BEGIN The data
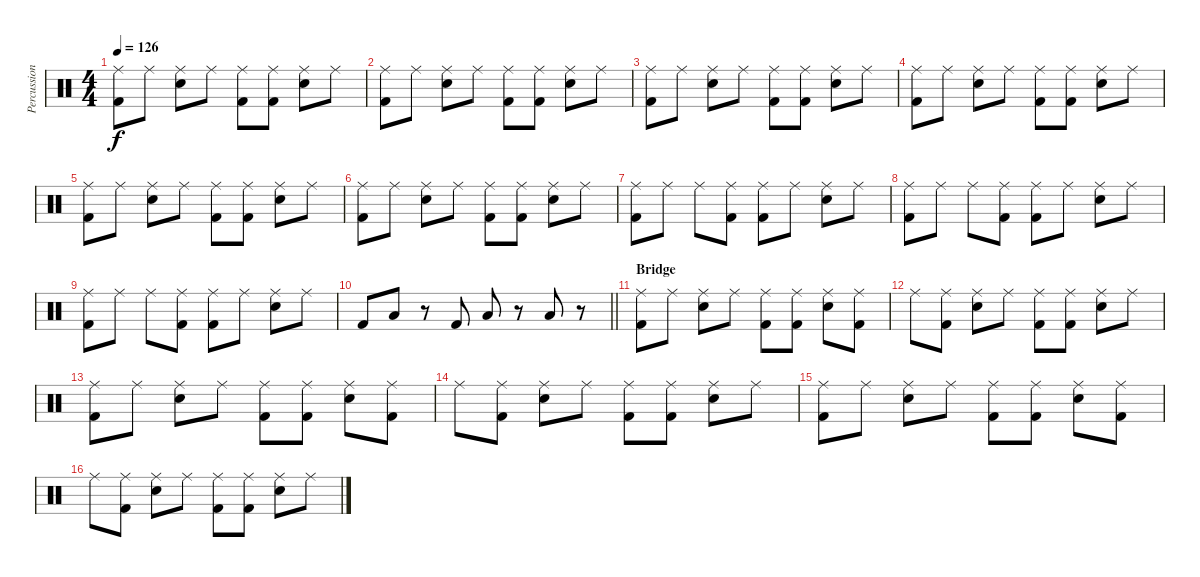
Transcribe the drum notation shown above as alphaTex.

\track ("Percussions" "Percussion") {instrument percussion}
\staff {score}
\articulation defaults
\ts (4 4)
\tempo 126
\clef neutral
\ks c
("Ride (middle)" "Kick (hit) 2").8{dy f} "Ride (middle)".8 ("Ride (middle)" "Snare (hit) 2").8 "Ride (middle)".8 ("Ride (middle)" "Kick (hit) 2").8 ("Ride (middle)" "Kick (hit) 2").8 ("Ride (middle)" "Snare (hit) 2").8 "Ride (middle)".8 |
("Ride (middle)" "Kick (hit) 2").8 "Ride (middle)".8 ("Ride (middle)" "Snare (hit) 2").8 "Ride (middle)".8 ("Ride (middle)" "Kick (hit) 2").8 ("Ride (middle)" "Kick (hit) 2").8 ("Ride (middle)" "Snare (hit) 2").8 "Ride (middle)".8 |
("Ride (middle)" "Kick (hit) 2").8 "Ride (middle)".8 ("Ride (middle)" "Snare (hit) 2").8 "Ride (middle)".8 ("Ride (middle)" "Kick (hit) 2").8 ("Ride (middle)" "Kick (hit) 2").8 ("Ride (middle)" "Snare (hit) 2").8 "Ride (middle)".8 |
("Ride (middle)" "Kick (hit) 2").8 "Ride (middle)".8 ("Ride (middle)" "Snare (hit) 2").8 "Ride (middle)".8 ("Ride (middle)" "Kick (hit) 2").8 ("Ride (middle)" "Kick (hit) 2").8 ("Ride (middle)" "Snare (hit) 2").8 "Ride (middle)".8 |
("Ride (middle)" "Kick (hit) 2").8 "Ride (middle)".8 ("Ride (middle)" "Snare (hit) 2").8 "Ride (middle)".8 ("Ride (middle)" "Kick (hit) 2").8 ("Ride (middle)" "Kick (hit) 2").8 ("Ride (middle)" "Snare (hit) 2").8 "Ride (middle)".8 |
("Ride (middle)" "Kick (hit) 2").8 "Ride (middle)".8 ("Ride (middle)" "Snare (hit) 2").8 "Ride (middle)".8 ("Ride (middle)" "Kick (hit) 2").8 ("Ride (middle)" "Kick (hit) 2").8 ("Ride (middle)" "Snare (hit) 2").8 "Ride (middle)".8 |
("Ride (middle)" "Kick (hit) 2").8 "Ride (middle)".8 "Ride (middle)".8 ("Ride (middle)" "Kick (hit) 2").8 ("Ride (middle)" "Kick (hit) 2").8 "Ride (middle)".8 ("Ride (middle)" "Snare (hit) 2").8 "Ride (middle)".8 |
("Ride (middle)" "Kick (hit) 2").8 "Ride (middle)".8 "Ride (middle)".8 ("Ride (middle)" "Kick (hit) 2").8 ("Ride (middle)" "Kick (hit) 2").8 "Ride (middle)".8 ("Ride (middle)" "Snare (hit) 2").8 "Ride (middle)".8 |
("Ride (middle)" "Kick (hit) 2").8 "Ride (middle)".8 "Ride (middle)".8 ("Ride (middle)" "Kick (hit) 2").8 ("Ride (middle)" "Kick (hit) 2").8 "Ride (middle)".8 ("Ride (middle)" "Snare (hit) 2").8 "Ride (middle)".8 |
\barLineRight lightlight "Kick (hit) 2".8 "Low Tom (hit)".8
r.8 "Kick (hit) 2".8 "Low Tom (hit)".8 r.8 "Low Floor Tom (hit)".8 r.8 |
\section ("" "Bridge")
("Ride (middle)" "Kick (hit) 2").8 "Ride (middle)".8 ("Ride (middle)" "Snare (hit) 2").8 "Ride (middle)".8 ("Ride (middle)" "Kick (hit) 2").8 ("Ride (middle)" "Kick (hit) 2").8 ("Ride (middle)" "Snare (hit) 2").8 ("Ride (middle)" "Kick (hit) 2").8 |
"Ride (middle)".8 ("Ride (middle)" "Kick (hit) 2").8 ("Ride (middle)" "Snare (hit) 2").8 "Ride (middle)".8 ("Ride (middle)" "Kick (hit) 2").8 ("Ride (middle)" "Kick (hit) 2").8 ("Ride (middle)" "Snare (hit) 2").8 "Ride (middle)".8 |
("Ride (middle)" "Kick (hit) 2").8 "Ride (middle)".8 ("Ride (middle)" "Snare (hit) 2").8 "Ride (middle)".8 ("Ride (middle)" "Kick (hit) 2").8 ("Ride (middle)" "Kick (hit) 2").8 ("Ride (middle)" "Snare (hit) 2").8 ("Ride (middle)" "Kick (hit) 2").8 |
"Ride (middle)".8 ("Ride (middle)" "Kick (hit) 2").8 ("Ride (middle)" "Snare (hit) 2").8 "Ride (middle)".8 ("Ride (middle)" "Kick (hit) 2").8 ("Ride (middle)" "Kick (hit) 2").8 ("Ride (middle)" "Snare (hit) 2").8 "Ride (middle)".8 |
("Ride (middle)" "Kick (hit) 2").8 "Ride (middle)".8 ("Ride (middle)" "Snare (hit) 2").8 "Ride (middle)".8 ("Ride (middle)" "Kick (hit) 2").8 ("Ride (middle)" "Kick (hit) 2").8 ("Ride (middle)" "Snare (hit) 2").8 ("Ride (middle)" "Kick (hit) 2").8 |
"Ride (middle)".8 ("Ride (middle)" "Kick (hit) 2").8 ("Ride (middle)" "Snare (hit) 2").8 "Ride (middle)".8 ("Ride (middle)" "Kick (hit) 2").8 ("Ride (middle)" "Kick (hit) 2").8 ("Ride (middle)" "Snare (hit) 2").8 "Ride (middle)".8
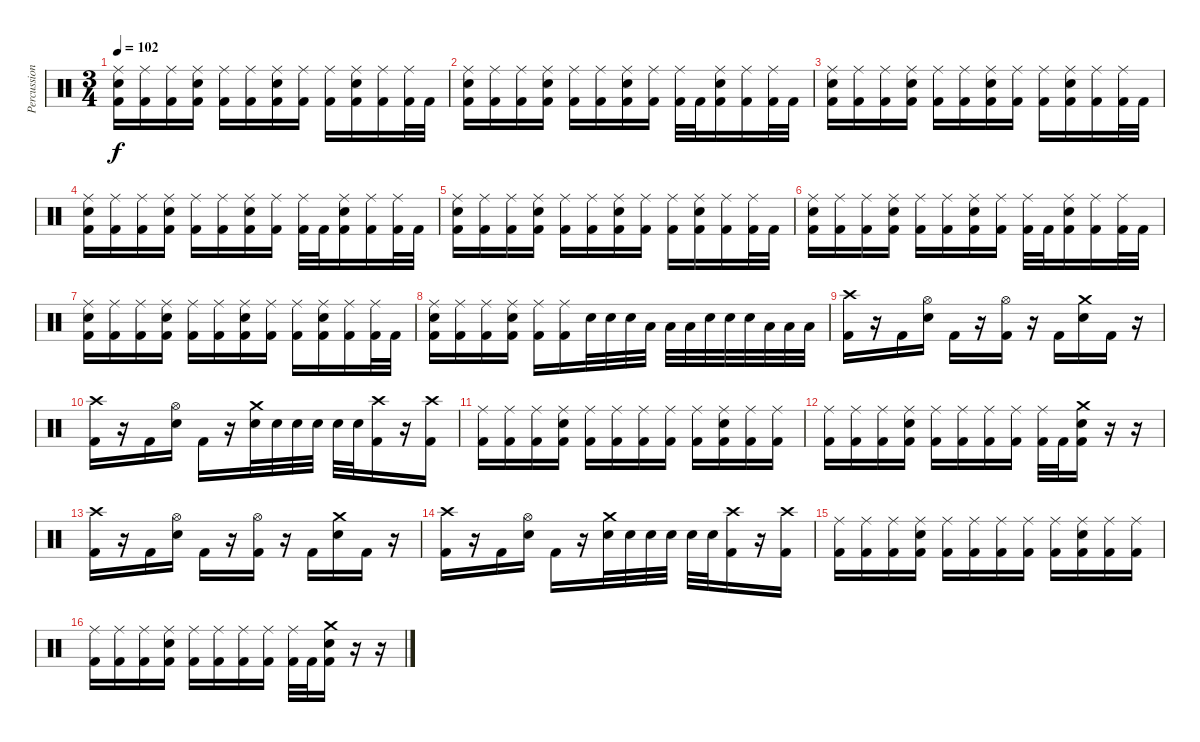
END The data
Would you return the data above exactly as written, minus the images?

Transcribe the drum notation shown above as alphaTex.

\track ("Percussions" "Percussion") {instrument percussion}
\staff {score}
\articulation defaults
\ts (4 4)
\tempo 126
\clef neutral
\ks c
("Ride (middle)" "Kick (hit) 2").8{dy f} "Ride (middle)".8 ("Ride (middle)" "Snare (hit) 2").8 "Ride (middle)".8 ("Ride (middle)" "Kick (hit) 2").8 ("Ride (middle)" "Kick (hit) 2").8 ("Ride (middle)" "Snare (hit) 2").8 "Ride (middle)".8 |
("Ride (middle)" "Kick (hit) 2").8 "Ride (middle)".8 ("Ride (middle)" "Snare (hit) 2").8 "Ride (middle)".8 ("Ride (middle)" "Kick (hit) 2").8 ("Ride (middle)" "Kick (hit) 2").8 ("Ride (middle)" "Snare (hit) 2").8 "Ride (middle)".8 |
("Ride (middle)" "Kick (hit) 2").8 "Ride (middle)".8 ("Ride (middle)" "Snare (hit) 2").8 "Ride (middle)".8 ("Ride (middle)" "Kick (hit) 2").8 ("Ride (middle)" "Kick (hit) 2").8 ("Ride (middle)" "Snare (hit) 2").8 "Ride (middle)".8 |
("Ride (middle)" "Kick (hit) 2").8 "Ride (middle)".8 ("Ride (middle)" "Snare (hit) 2").8 "Ride (middle)".8 ("Ride (middle)" "Kick (hit) 2").8 ("Ride (middle)" "Kick (hit) 2").8 ("Ride (middle)" "Snare (hit) 2").8 "Ride (middle)".8 |
("Ride (middle)" "Kick (hit) 2").8 "Ride (middle)".8 ("Ride (middle)" "Snare (hit) 2").8 "Ride (middle)".8 ("Ride (middle)" "Kick (hit) 2").8 ("Ride (middle)" "Kick (hit) 2").8 ("Ride (middle)" "Snare (hit) 2").8 "Ride (middle)".8 |
("Ride (middle)" "Kick (hit) 2").8 "Ride (middle)".8 ("Ride (middle)" "Snare (hit) 2").8 "Ride (middle)".8 ("Ride (middle)" "Kick (hit) 2").8 ("Ride (middle)" "Kick (hit) 2").8 ("Ride (middle)" "Snare (hit) 2").8 "Ride (middle)".8 |
("Ride (middle)" "Kick (hit) 2").8 "Ride (middle)".8 "Ride (middle)".8 ("Ride (middle)" "Kick (hit) 2").8 ("Ride (middle)" "Kick (hit) 2").8 "Ride (middle)".8 ("Ride (middle)" "Snare (hit) 2").8 "Ride (middle)".8 |
("Ride (middle)" "Kick (hit) 2").8 "Ride (middle)".8 "Ride (middle)".8 ("Ride (middle)" "Kick (hit) 2").8 ("Ride (middle)" "Kick (hit) 2").8 "Ride (middle)".8 ("Ride (middle)" "Snare (hit) 2").8 "Ride (middle)".8 |
("Ride (middle)" "Kick (hit) 2").8 "Ride (middle)".8 "Ride (middle)".8 ("Ride (middle)" "Kick (hit) 2").8 ("Ride (middle)" "Kick (hit) 2").8 "Ride (middle)".8 ("Ride (middle)" "Snare (hit) 2").8 "Ride (middle)".8 |
\barLineRight lightlight "Kick (hit) 2".8 "Low Tom (hit)".8
r.8 "Kick (hit) 2".8 "Low Tom (hit)".8 r.8 "Low Floor Tom (hit)".8 r.8 |
\section ("" "Bridge")
("Ride (middle)" "Kick (hit) 2").8 "Ride (middle)".8 ("Ride (middle)" "Snare (hit) 2").8 "Ride (middle)".8 ("Ride (middle)" "Kick (hit) 2").8 ("Ride (middle)" "Kick (hit) 2").8 ("Ride (middle)" "Snare (hit) 2").8 ("Ride (middle)" "Kick (hit) 2").8 |
"Ride (middle)".8 ("Ride (middle)" "Kick (hit) 2").8 ("Ride (middle)" "Snare (hit) 2").8 "Ride (middle)".8 ("Ride (middle)" "Kick (hit) 2").8 ("Ride (middle)" "Kick (hit) 2").8 ("Ride (middle)" "Snare (hit) 2").8 "Ride (middle)".8 |
("Ride (middle)" "Kick (hit) 2").8 "Ride (middle)".8 ("Ride (middle)" "Snare (hit) 2").8 "Ride (middle)".8 ("Ride (middle)" "Kick (hit) 2").8 ("Ride (middle)" "Kick (hit) 2").8 ("Ride (middle)" "Snare (hit) 2").8 ("Ride (middle)" "Kick (hit) 2").8 |
"Ride (middle)".8 ("Ride (middle)" "Kick (hit) 2").8 ("Ride (middle)" "Snare (hit) 2").8 "Ride (middle)".8 ("Ride (middle)" "Kick (hit) 2").8 ("Ride (middle)" "Kick (hit) 2").8 ("Ride (middle)" "Snare (hit) 2").8 "Ride (middle)".8 |
("Ride (middle)" "Kick (hit) 2").8 "Ride (middle)".8 ("Ride (middle)" "Snare (hit) 2").8 "Ride (middle)".8 ("Ride (middle)" "Kick (hit) 2").8 ("Ride (middle)" "Kick (hit) 2").8 ("Ride (middle)" "Snare (hit) 2").8 ("Ride (middle)" "Kick (hit) 2").8 |
"Ride (middle)".8 ("Ride (middle)" "Kick (hit) 2").8 ("Ride (middle)" "Snare (hit) 2").8 "Ride (middle)".8 ("Ride (middle)" "Kick (hit) 2").8 ("Ride (middle)" "Kick (hit) 2").8 ("Ride (middle)" "Snare (hit) 2").8 "Ride (middle)".8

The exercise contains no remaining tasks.